UK commercial lines insurers are wasting £1bn ($1.42bn) each year through inefficient transaction handling, a leading figure in the financial services industry has claimed.
Sir Brian Pitman, former chairman of Lloyds TSB, said: "The commercial lines insurance industry is currently fragmented and extremely inefficient".
"With large amounts of duplication, manual processes, errors and incompatible systems absorbing 34% of all premiums, it is no wonder that the sector is struggling to make a profit".
On a European basis, transactional costs are estimated to be around €21bn, ($18.58bn).
Sir Brian was speaking at the launch of an insurance technology company he is chairing named Acturis, which is funded by London venture capital and will serve brokers, he warned:
"Both brokers and insurers must act quickly to reduce costs and improve service levels and profitability".
Acturis said half of all UK independent regional brokers had yet to create a website.
More than 50% of documents sent to brokers by insurers were incorrect, and needed to be resent. Of those resent, 30% were still incorrect.
More than 35% of client documents took well over 100 days from the time received by the broker to being issued to the client. Only 8% of documents were emailed.
Acturis plans to introduce early in 2002 its web based technology platform to support administration; and provide a mechanism to create new products and services quickly.
It will be entering a fiercely competitive market in web support for transactions, albeit one still in its infancy.
Joint chief executive David McDonald spoke of the danger that technology alone would reinforce existing efficiencies.
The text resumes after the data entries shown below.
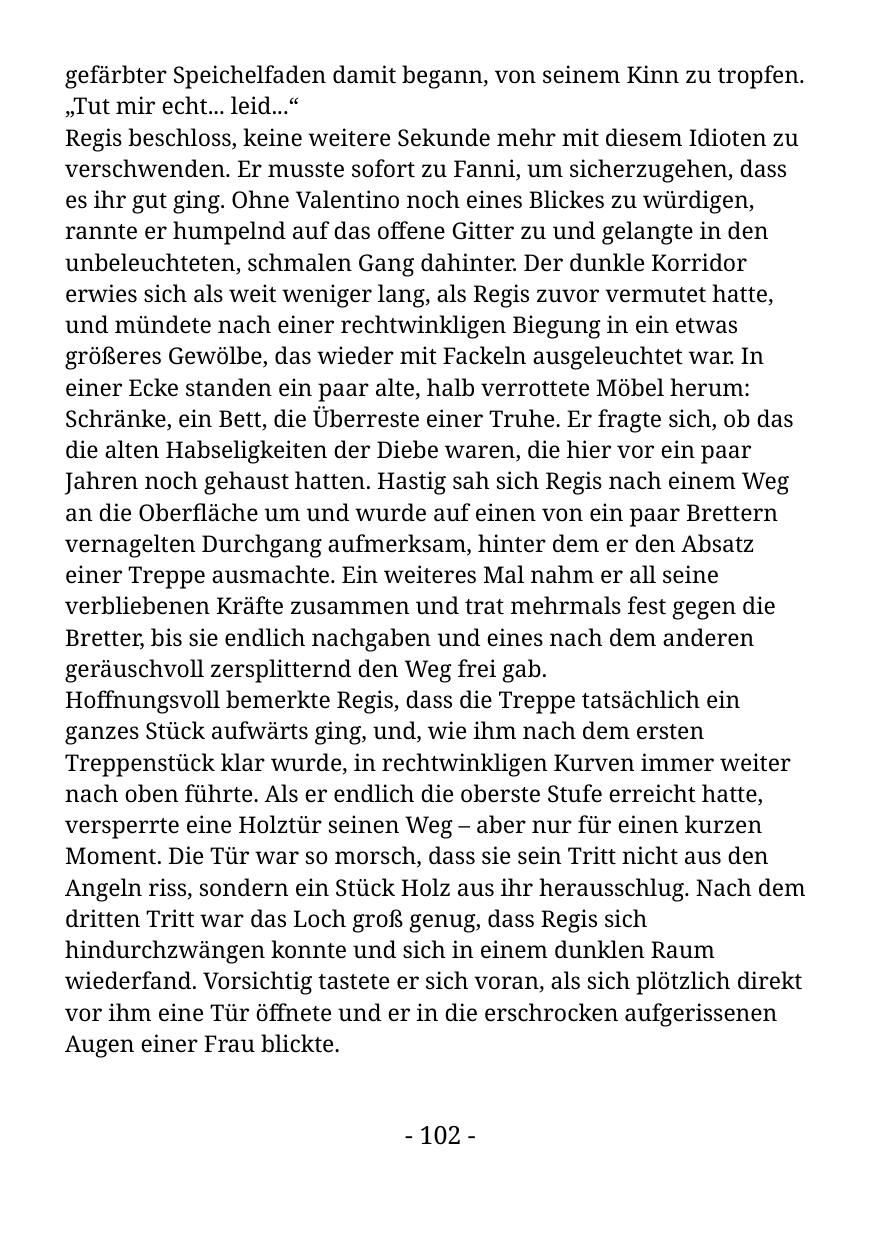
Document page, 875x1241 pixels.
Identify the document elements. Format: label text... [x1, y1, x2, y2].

text gefärbter Speichelfaden damit begann, von seinem Kinn zu tropfen. „Tut mir echt... leid...“ Regis beschloss, keine weitere Sekunde mehr mit diesem Idioten zu verschwenden. Er musste sofort zu Fanni, um sicherzugehen, dass es ihr gut ging. Ohne Valentino noch eines Blickes zu würdigen, rannte er humpelnd auf das offene Gitter zu und gelangte in den unbeleuchteten, schmalen Gang dahinter. Der dunkle Korridor erwies sich als weit weniger lang, als Regis zuvor vermutet hatte, und mündete nach einer rechtwinkligen Biegung in ein etwas größeres Gewölbe, das wieder mit Fackeln ausgeleuchtet war. In einer Ecke standen ein paar alte, halb verrottete Möbel herum: Schränke, ein Bett, die Überreste einer Truhe. Er fragte sich, ob das die alten Habseligkeiten der Diebe waren, die hier vor ein paar Jahren noch gehaust hatten. Hastig sah sich Regis nach einem Weg an die Oberfläche um und wurde auf einen von ein paar Brettern vernagelten Durchgang aufmerksam, hinter dem er den Absatz einer Treppe ausmachte. Ein weiteres Mal nahm er all seine verbliebenen Kräfte zusammen und trat mehrmals fest gegen die Bretter, bis sie endlich nachgaben und eines nach dem anderen geräuschvoll zersplitternd den Weg frei gab. Hoffnungsvoll bemerkte Regis, dass die Treppe tatsächlich ein ganzes Stück aufwärts ging, und, wie ihm nach dem ersten Treppenstück klar wurde, in rechtwinkligen Kurven immer weiter nach oben führte. Als er endlich die oberste Stufe erreicht hatte, versperrte eine Holztür seinen Weg – aber nur für einen kurzen Moment. Die Tür war so morsch, dass sie sein Tritt nicht aus den Angeln riss, sondern ein Stück Holz aus ihr herausschlug. Nach dem dritten Tritt war das Loch groß genug, dass Regis sich hindurchzwängen konnte und sich in einem dunklen Raum wiederfand. Vorsichtig tastete er sich voran, als sich plötzlich direkt vor ihm eine Tür öffnete und er in die erschrocken aufgerissenen Augen einer Frau blickte. [65, 59, 809, 1059]
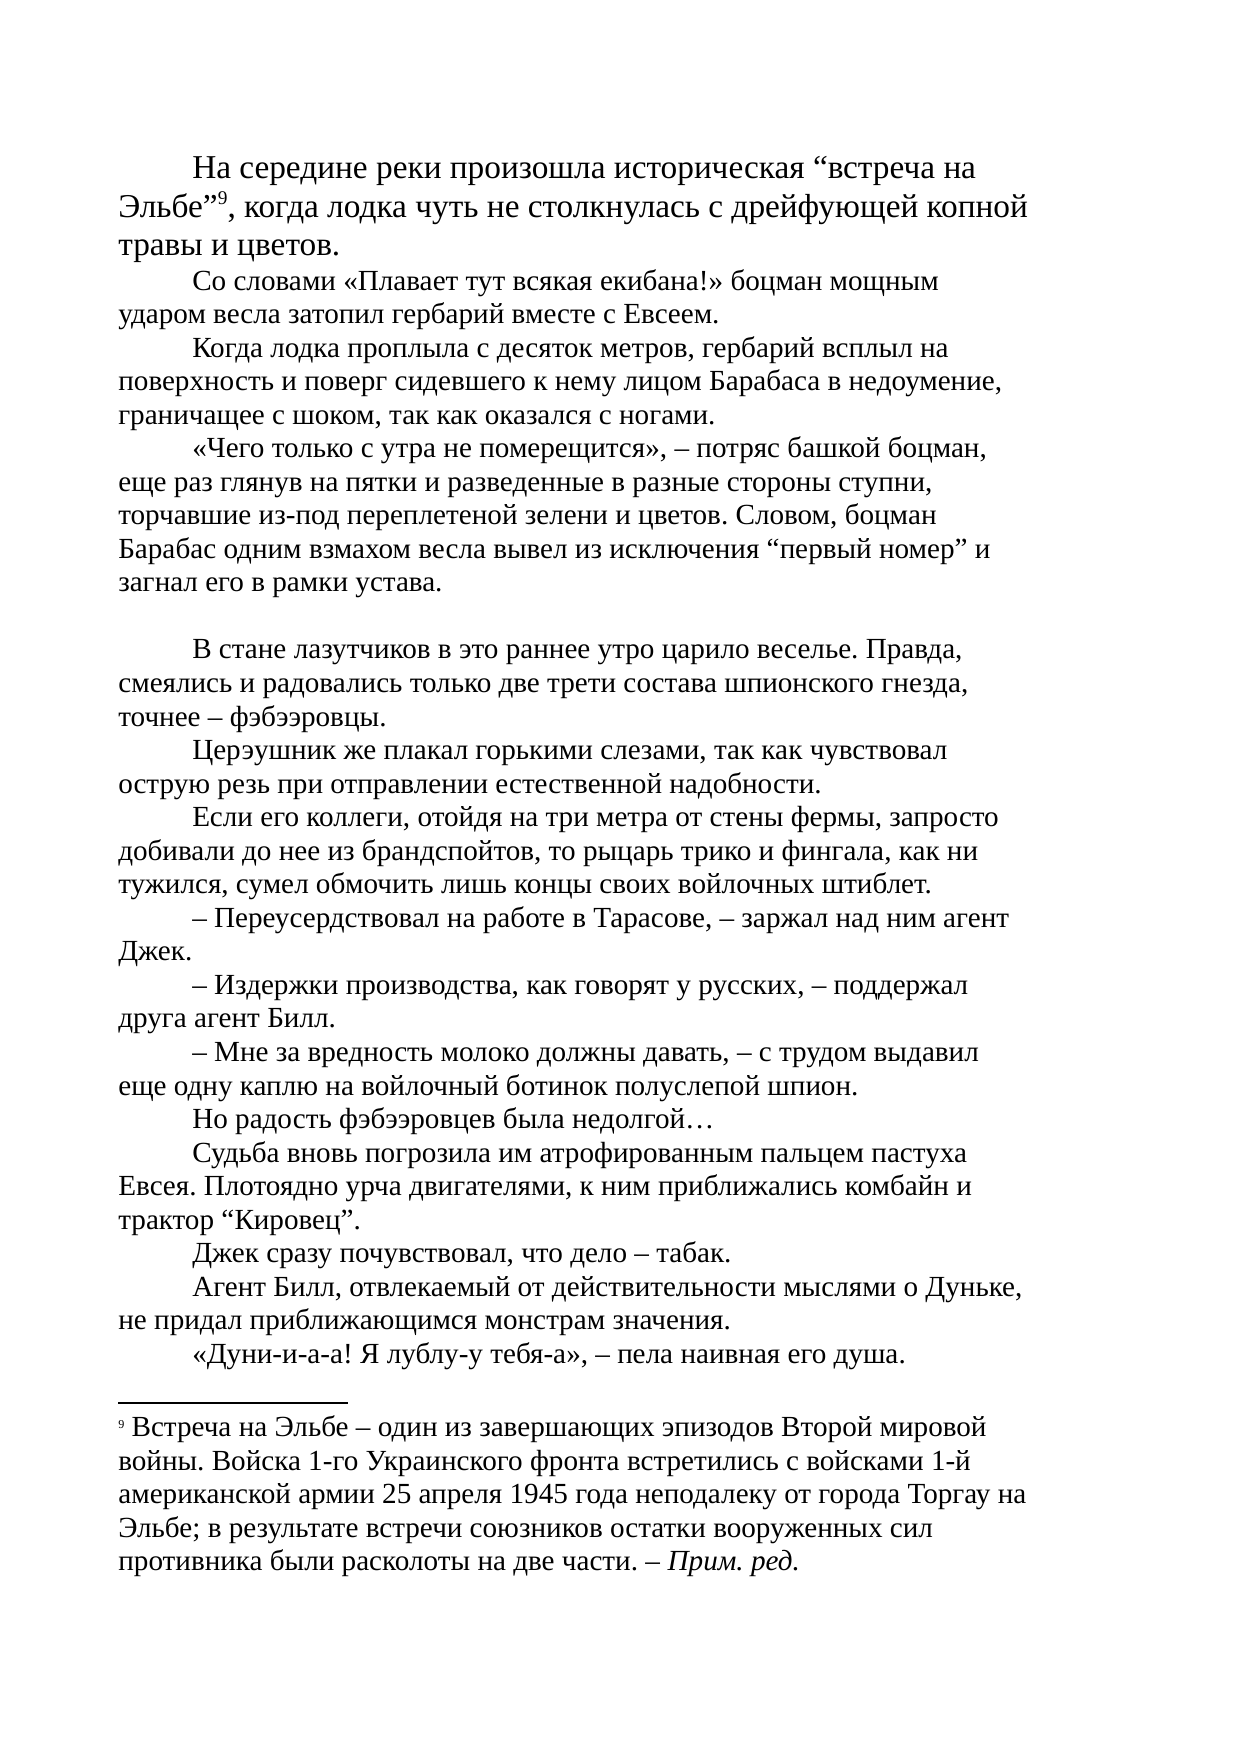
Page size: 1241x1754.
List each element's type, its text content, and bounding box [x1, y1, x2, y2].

text На середине реки произошла историческая “встреча на Эльбе”, когда лодка чуть не столкнулась с дрейфующей копной травы и цветов. [118, 148, 1033, 263]
text «Чего только с утра не померещится», – потряс башкой боцман, еще раз глянув на пятки и разведенные в разные стороны ступни, торчавшие из-под переплетеной зелени и цветов. Словом, боцман Барабас одним взмахом весла вывел из исключения “первый номер” и загнал его в рамки устава. [118, 430, 1033, 598]
text В стане лазутчиков в это раннее утро царило веселье. Правда, смеялись и радовались только две трети состава шпионского гнезда, точнее – фэбээровцы. [118, 632, 1033, 732]
text Судьба вновь погрозила им атрофированным пальцем пастуха Евсея. Плотоядно урча двигателями, к ним приближались комбайн и трактор “Кировец”. [118, 1135, 1033, 1235]
text Но радость фэбээровцев была недолгой… [118, 1101, 1033, 1135]
text – Переусердствовал на работе в Тарасове, – заржал над ним агент Джек. [118, 900, 1033, 967]
text Встреча на Эльбе – один из завершающих эпизодов Второй мировой войны. Войска 1-го Украинского фронта встретились с войсками 1-й американской армии 25 апреля 1945 года неподалеку от города Торгау на Эльбе; в результате встречи союзников остатки вооруженных сил противника были расколоты на две части. – Прим. ред. [118, 1409, 1033, 1577]
text «Дуни-и-а-а! Я лублу-у тебя-а», – пела наивная его душа. [118, 1336, 1033, 1369]
text Со словами «Плавает тут всякая екибана!» боцман мощным ударом весла затопил гербарий вместе с Евсеем. [118, 263, 1033, 330]
text Джек сразу почувствовал, что дело – табак. [118, 1235, 1033, 1269]
text Если его коллеги, отойдя на три метра от стены фермы, запросто добивали до нее из брандспойтов, то рыцарь трико и фингала, как ни тужился, сумел обмочить лишь концы своих войлочных штиблет. [118, 799, 1033, 900]
text – Мне за вредность молоко должны давать, – с трудом выдавил еще одну каплю на войлочный ботинок полуслепой шпион. [118, 1034, 1033, 1101]
text Агент Билл, отвлекаемый от действительности мыслями о Дуньке, не придал приближающимся монстрам значения. [118, 1269, 1033, 1336]
text – Издержки производства, как говорят у русских, – поддержал друга агент Билл. [118, 967, 1033, 1034]
text Когда лодка проплыла с десяток метров, гербарий всплыл на поверхность и поверг сидевшего к нему лицом Барабаса в недоумение, граничащее с шоком, так как оказался с ногами. [118, 330, 1033, 430]
text Церэушник же плакал горькими слезами, так как чувствовал острую резь при отправлении естественной надобности. [118, 732, 1033, 799]

His company's system would offer brokers process redesign, and product and service innovation.
The company is working with businesses including brokers Bland Bankart and Smart & Cook, and insurers including Independent and Norwich Union.
The venture originated from a project known as Riskline and backed by a £10m development for one of its partners, Nedcor, one of the biggest financial services groups in South Africa.